|Ph.D Student||Cohen Tal|
|Subject||Cavitation and Shocks in Porous Plasticity|
|Department||Department of Aerospace Engineering||Supervisor||Professor Emeritus David Durban|
|Full Thesis text|
Recent conflicts have demonstrated that focusing more knowledge and research towards advanced protection technologies, to deal with the increasing threat to population safety, can have beneficial outcomes beyond expectation. An important ingredient in achieving this goal is by modern protective civilian spaces (shelters) which can withstand direct hypervelocity impact, including individual lightweight shields (personal armor). Modern aircrafts are also expected to provide protection against bullets or shrapnel hitting the thin pressurized structure, endangering the integrity of the entire airplane. Likewise, satellites are under constant threat of impact by space debris at extremely high velocities, with even more severe danger imposed by meteorides. These threats are the main motivation for the present research; learning how civilian and airborne structures respond to impact and penetration would facilitate design of more efficient protective systems which can in turn save lives.

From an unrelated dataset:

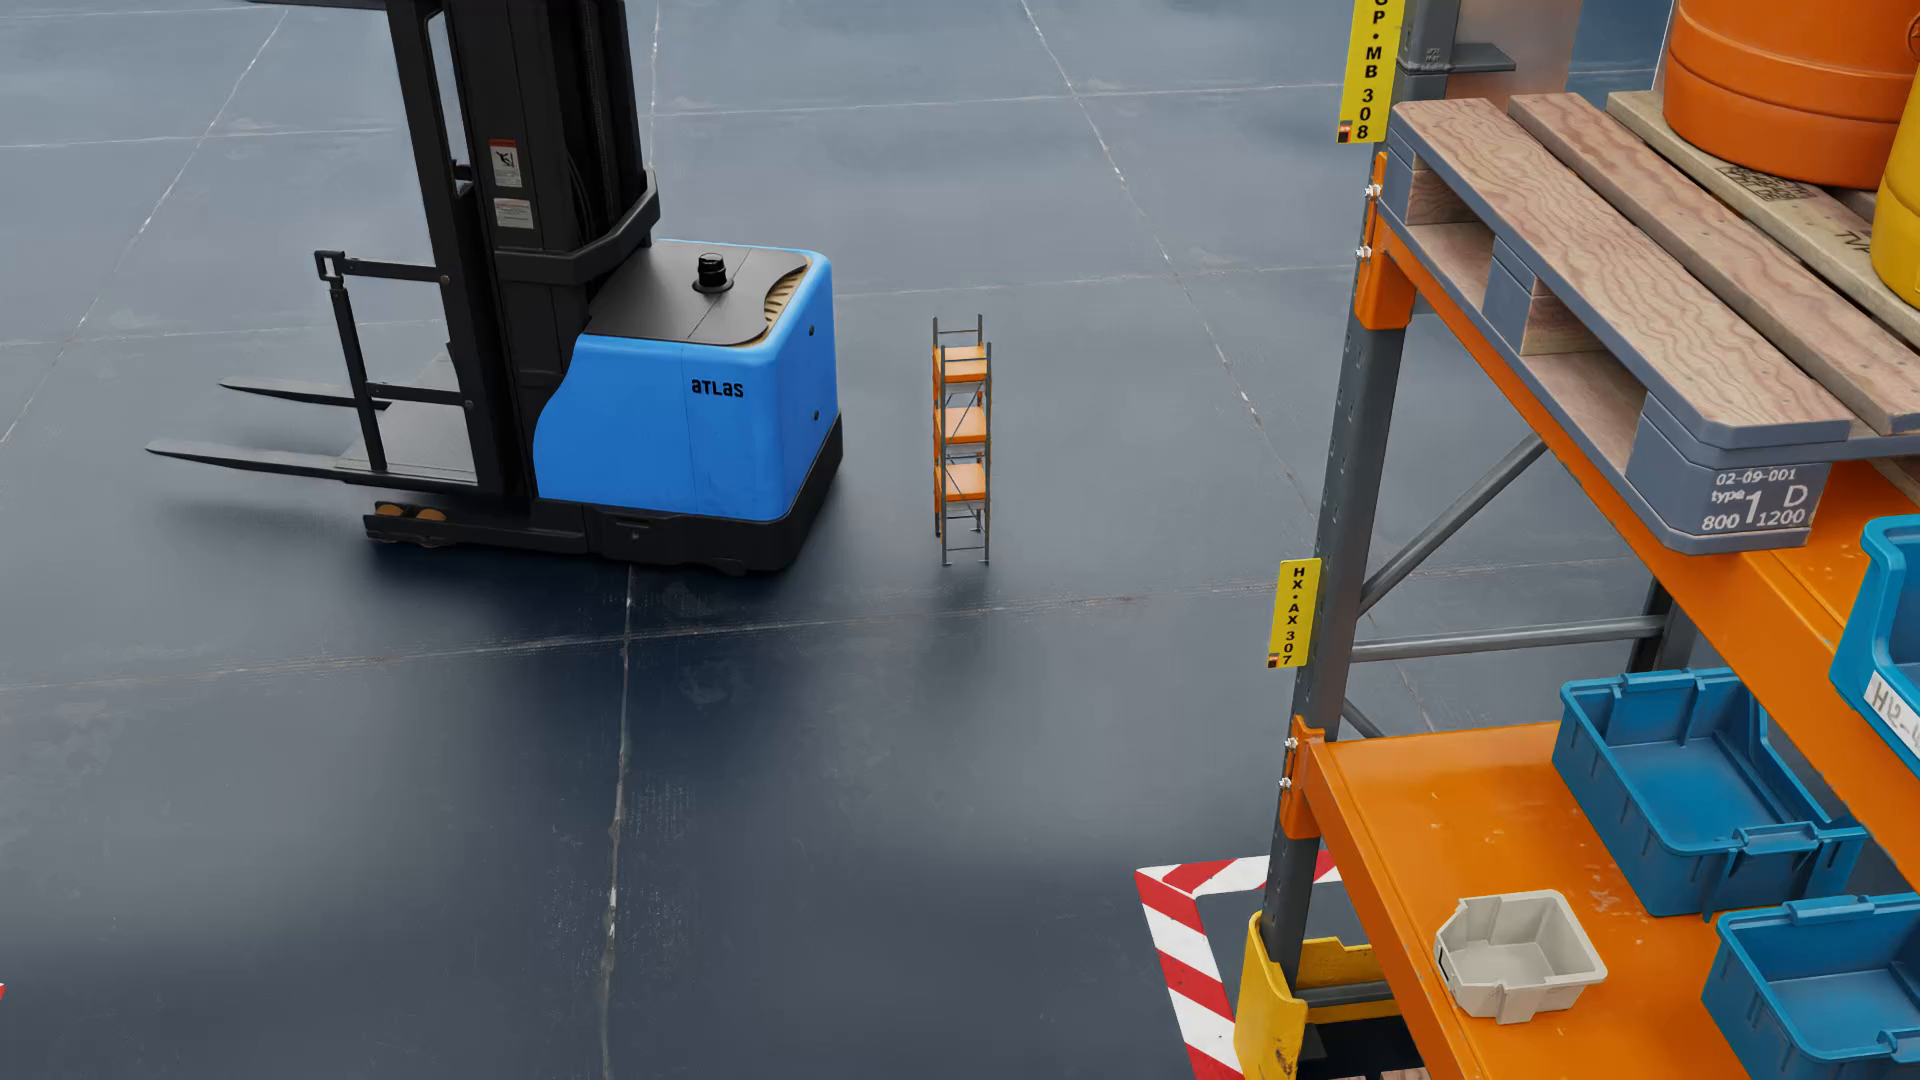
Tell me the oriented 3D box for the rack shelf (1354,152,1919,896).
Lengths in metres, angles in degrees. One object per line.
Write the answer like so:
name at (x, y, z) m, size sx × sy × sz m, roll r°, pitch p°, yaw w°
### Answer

The effect of material porosity on penetration processes via quasistatic and dynamic cavitation models, is examined, attempting at simple analytical results. Hypervelocity loading, which includes propagation of plastic shock waves, is studied and the possibility of a stiffening effect due to high energy absorption, similar to the wave drag effect in fluid dynamics is considered. In that context, finite strain longitudinal plastic shock behaviour is analyzed and compared with shock behaviour in dynamic cavitation.